Many call the insurance company to verify the patient coverage, but do you know there are EDI transactional policies to automate your process?
Know about EDI 270 & 271:
As the patient entries for critical treatment, it is necessary to know the eligibility and benefit covered for your patient. Once you are an EDI compliant organization, you are required to submit the electronic transitions to your insurance company.
To inquire about the eligibility benefit, EDI 270/271 transaction set is initiated by the health service providers, such as hospitals or medical facilities, to the insurance companies or government agencies.

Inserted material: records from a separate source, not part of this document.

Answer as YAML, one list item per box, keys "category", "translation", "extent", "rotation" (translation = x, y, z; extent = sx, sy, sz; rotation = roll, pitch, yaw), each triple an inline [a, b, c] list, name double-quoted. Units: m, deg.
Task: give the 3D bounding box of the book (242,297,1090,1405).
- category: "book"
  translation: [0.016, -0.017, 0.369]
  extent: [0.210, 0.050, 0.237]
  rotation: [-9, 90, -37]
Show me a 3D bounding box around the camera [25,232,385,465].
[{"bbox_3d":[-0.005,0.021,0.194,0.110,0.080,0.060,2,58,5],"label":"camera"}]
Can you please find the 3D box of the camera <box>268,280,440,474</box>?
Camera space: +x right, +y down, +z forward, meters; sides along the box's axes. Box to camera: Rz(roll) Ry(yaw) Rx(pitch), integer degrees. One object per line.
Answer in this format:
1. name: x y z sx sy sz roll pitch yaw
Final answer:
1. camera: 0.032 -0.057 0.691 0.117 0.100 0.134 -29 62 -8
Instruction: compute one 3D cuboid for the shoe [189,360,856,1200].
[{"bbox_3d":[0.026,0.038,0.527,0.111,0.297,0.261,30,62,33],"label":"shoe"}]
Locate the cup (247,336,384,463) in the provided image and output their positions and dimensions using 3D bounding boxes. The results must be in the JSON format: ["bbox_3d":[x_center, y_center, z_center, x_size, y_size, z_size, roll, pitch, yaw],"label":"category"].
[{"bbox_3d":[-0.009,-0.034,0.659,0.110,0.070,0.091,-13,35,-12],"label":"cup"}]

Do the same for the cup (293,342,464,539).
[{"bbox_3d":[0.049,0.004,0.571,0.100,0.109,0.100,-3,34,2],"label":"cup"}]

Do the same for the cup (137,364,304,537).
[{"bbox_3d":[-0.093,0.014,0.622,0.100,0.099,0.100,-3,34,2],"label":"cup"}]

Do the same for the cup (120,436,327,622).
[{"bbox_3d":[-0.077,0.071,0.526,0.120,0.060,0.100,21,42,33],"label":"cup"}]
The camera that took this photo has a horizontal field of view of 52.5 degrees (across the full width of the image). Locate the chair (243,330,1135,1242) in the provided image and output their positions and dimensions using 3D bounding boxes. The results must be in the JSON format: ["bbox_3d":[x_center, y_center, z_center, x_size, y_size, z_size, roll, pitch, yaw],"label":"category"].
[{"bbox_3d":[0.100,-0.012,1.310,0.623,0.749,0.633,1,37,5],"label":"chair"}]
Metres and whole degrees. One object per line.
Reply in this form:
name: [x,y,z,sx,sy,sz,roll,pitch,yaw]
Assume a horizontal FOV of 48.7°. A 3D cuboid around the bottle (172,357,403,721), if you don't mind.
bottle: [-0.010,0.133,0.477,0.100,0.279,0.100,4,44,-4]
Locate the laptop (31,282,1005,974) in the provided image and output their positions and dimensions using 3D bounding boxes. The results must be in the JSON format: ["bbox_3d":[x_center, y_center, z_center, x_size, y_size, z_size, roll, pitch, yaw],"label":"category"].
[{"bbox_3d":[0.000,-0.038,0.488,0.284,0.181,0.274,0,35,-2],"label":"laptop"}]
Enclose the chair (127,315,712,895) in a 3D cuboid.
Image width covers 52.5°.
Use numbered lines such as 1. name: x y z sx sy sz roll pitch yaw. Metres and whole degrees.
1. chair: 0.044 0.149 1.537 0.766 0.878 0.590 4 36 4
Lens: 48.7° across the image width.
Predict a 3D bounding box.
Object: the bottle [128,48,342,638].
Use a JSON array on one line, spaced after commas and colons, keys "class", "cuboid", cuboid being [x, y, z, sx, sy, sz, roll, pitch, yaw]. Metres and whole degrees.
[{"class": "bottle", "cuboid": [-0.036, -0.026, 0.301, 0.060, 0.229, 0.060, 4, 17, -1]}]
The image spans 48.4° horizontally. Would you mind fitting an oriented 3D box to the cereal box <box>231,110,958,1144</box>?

The 270 transaction inquiries about the services covered like policy subscribe, dependents, copay, coinsurance, etc. Used to enquire about a generation or specific information coverages, it includes the details of name of the sender, name of the recipient, details of the plan, description of requested eligibility. EDI 270 is used to enquire about the plans covered whereas the EDI 271 transaction sends the response. The 271 health care eligibility/benefit response transmits the information requested in 270. In contrast to the information requested on phone calls, EDI 271 transaction provides detailed information about the coverage enjoyed by the patients.
Why use EDI 270/271 transactions?
Information provided using 270/271 transactions is much more than obtained from the traditional methods of phone calls and papers.
EDI 270/271 transactions are fast, it allows you to get information without the patients’ intervention. Reduced paperwork and rework, the service provides are allowed to submit the same inquiry to multiple insurances to different provides. EDI transactions ensure healthcare service providers are HIPAA compliant and for more information on EDI 270/271 transactions and HIPAA-compliant contact us or mail us.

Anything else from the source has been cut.